A total of five MS/MS data sets were used for this study. One data set, generated in-house PXD026634, is composed of 21 experimental MS/MS datafiles from samples of five bacteria strains. The other four data sets, downloaded from the ProteomeXchange Database (PD),[59] contain 105 experimental MS/MS datafiles from samples of five other bacterial strains. For seven bacterial strains used in this study, one may download their complete genomic sequences[24,60−62] and protein sequences from the National Center for Biotechnology Information (NCBI) databases.[63] In Table S1, we provide the pertinent information for each MS/MS data set.

In-House MS/MS Data Set

Two carbapenem-resistant P. aeruginosa strains were included in the study. Strain CCUG 51971 (= PA 66) was isolated from a human urine sample, at the Karolinska Hospital (Stockholm, Sweden), carrying OXA-35, OXA-488, PDC-35, and VIM-4.[60] The VIM-4 metallo-β-lactamase is responsible for the high carbapenem resistance levels (minimum inhibitory concentration (MIC) of imipenem and meropenem greater than 256 μg/mL; MIC of imipenem + ethylenediaminetetraacetic acid [EDTA] = 6 μg/mL).[60] Strain CCUG 70744 was isolated from a human sputum sample, at the Sahlgrenska University Hospital (Gothenburg, Sweden), carrying OXA-905 and PDC-8.[62,64,65] Furthermore, one E. coli and two K. pneumoniae strains, isolated from various clinical samples at the Sahlgrenska University Hospital, carrying different β-lactamases (including extended spectrum β-lactamases, ESBL, and carbapenem resistance genes) were included in the study.
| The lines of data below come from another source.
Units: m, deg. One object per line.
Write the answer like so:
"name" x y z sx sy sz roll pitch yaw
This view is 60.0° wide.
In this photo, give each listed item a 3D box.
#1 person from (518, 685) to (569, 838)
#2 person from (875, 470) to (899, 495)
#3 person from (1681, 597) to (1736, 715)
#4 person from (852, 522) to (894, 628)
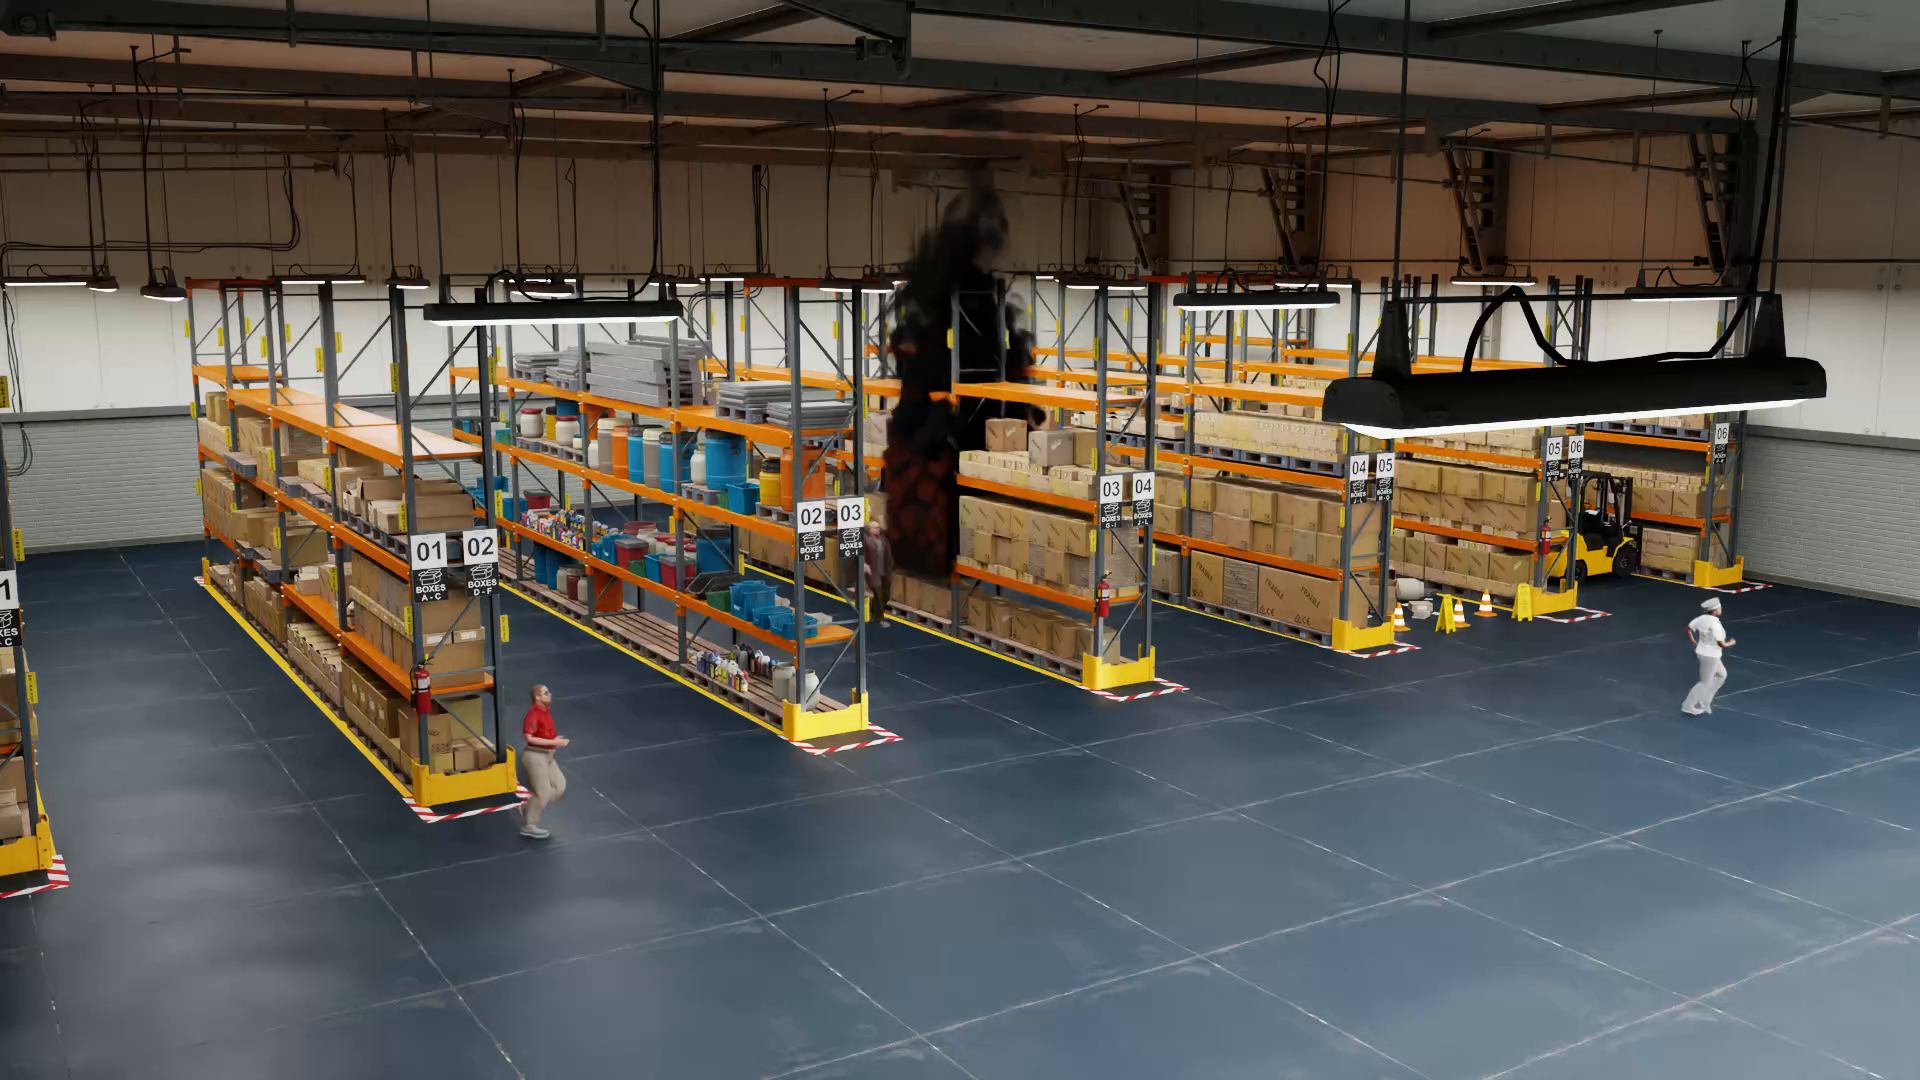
"person" -4.613 2.434 18.515 0.600 1.674 0.676 0 10 0
"person" -1.643 -0.749 37.293 0.666 1.763 0.937 -5 11 -30
"person" 10.468 1.640 23.221 0.695 1.720 0.557 1 10 5
"person" -1.398 0.570 27.644 0.716 1.756 0.762 -7 12 -38
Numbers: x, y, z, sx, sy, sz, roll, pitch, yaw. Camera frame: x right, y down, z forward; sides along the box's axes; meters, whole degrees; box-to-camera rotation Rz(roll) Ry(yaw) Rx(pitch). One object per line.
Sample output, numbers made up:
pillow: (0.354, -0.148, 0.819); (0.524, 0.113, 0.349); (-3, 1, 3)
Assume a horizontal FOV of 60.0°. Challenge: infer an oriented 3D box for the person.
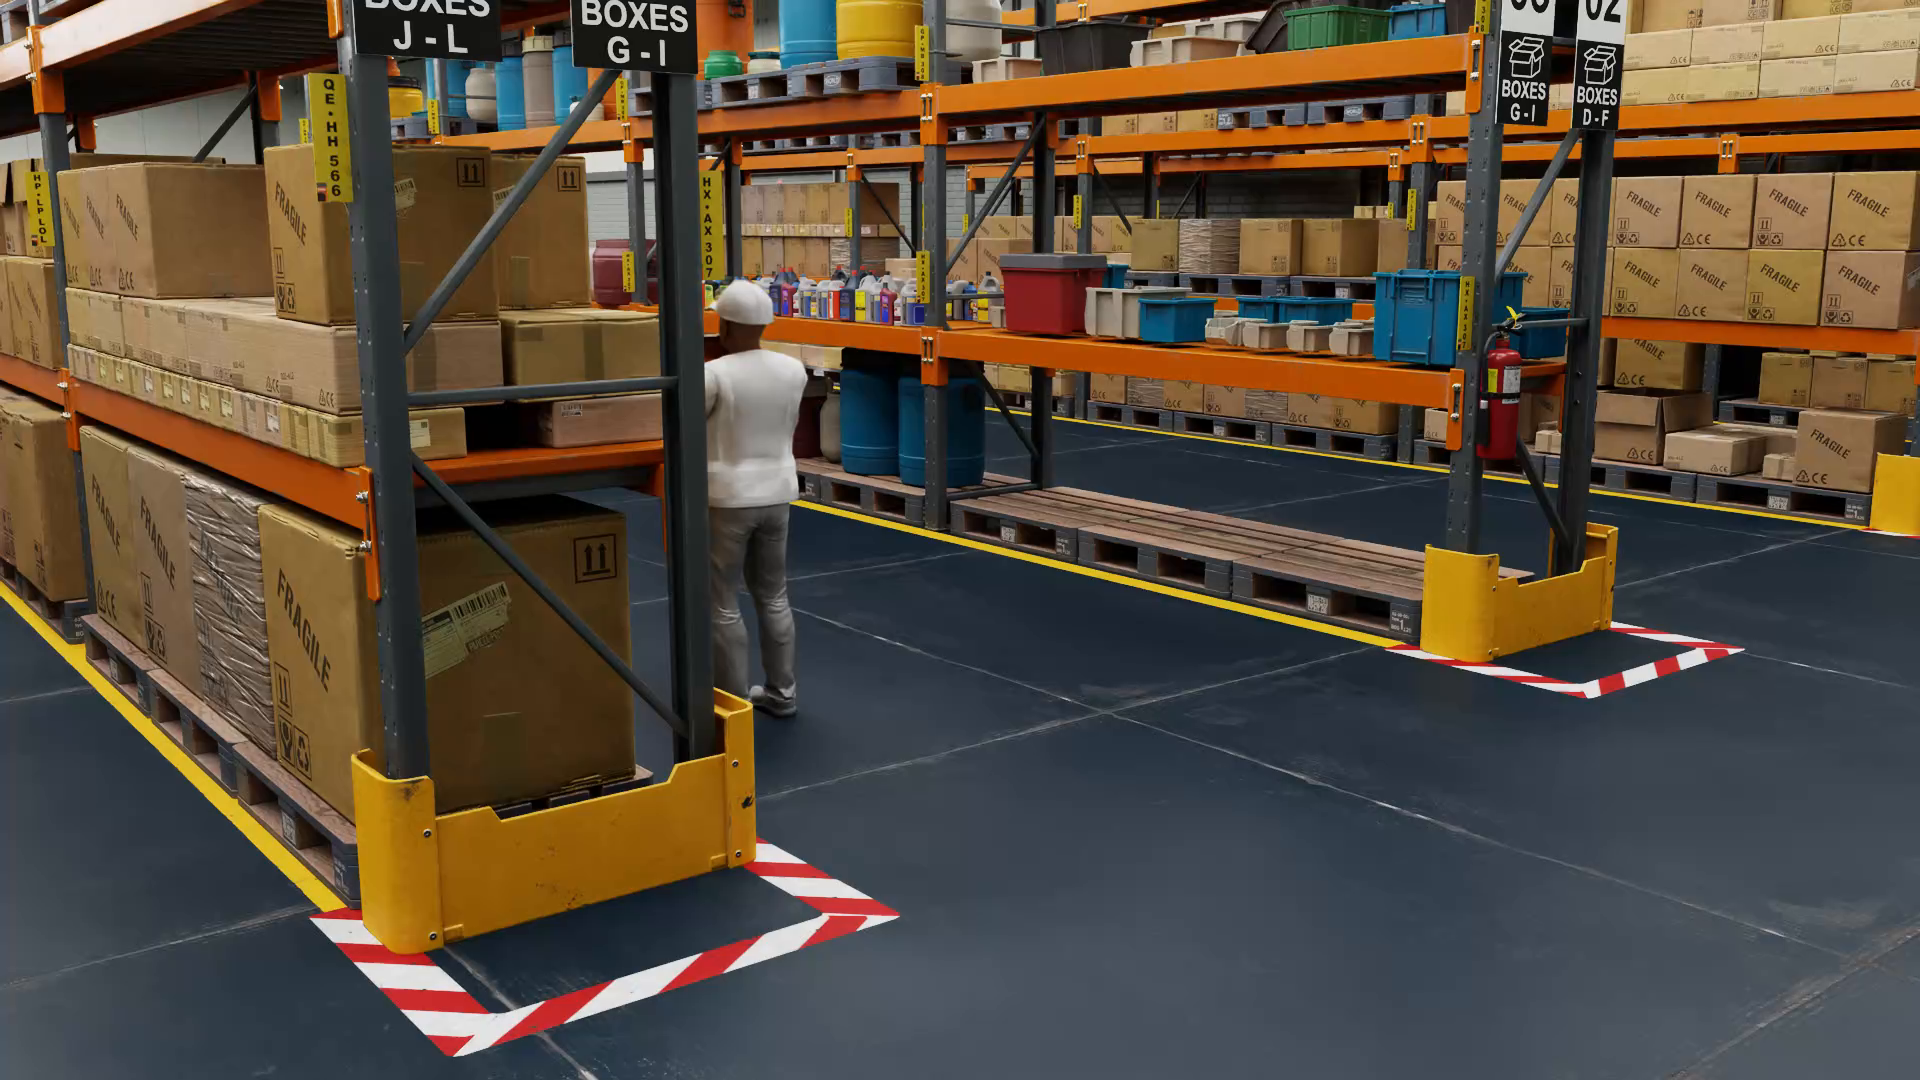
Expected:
person: (-0.923, -0.156, 6.688); (0.507, 1.765, 0.576); (-9, 14, -38)

E. coli CCUG 70745 isolated from human feces, carrying CMY-6, CTX-M-15, NDM-7,and OXA-1; K. pneumoniae CCUG 70742 isolated from human urine, carrying CTX-M-15, OXA-1, OXA-48, and TEM-1; and K. pneumoniae CCUG 70747 isolated from human wound, carrying KPC-2, SHV-200, TEM-1, and VIM-1.[62] Lyophiles of all strains were obtained from the Culture Collection of University of Gothenburg (CCUG, Gothenburg, Sweden; www.ccug.se). The strains were reconstituted on Müller-Hilton agar (Substrate Unit, Department of Clinical Microbiology, Sahlgrenska University Hospital), at 37 °C, for 24 h. Further details regarding cultivation conditions, sample preparation, and LC–MS/MS acquisition are provided in the second section of the Supplementary File S1.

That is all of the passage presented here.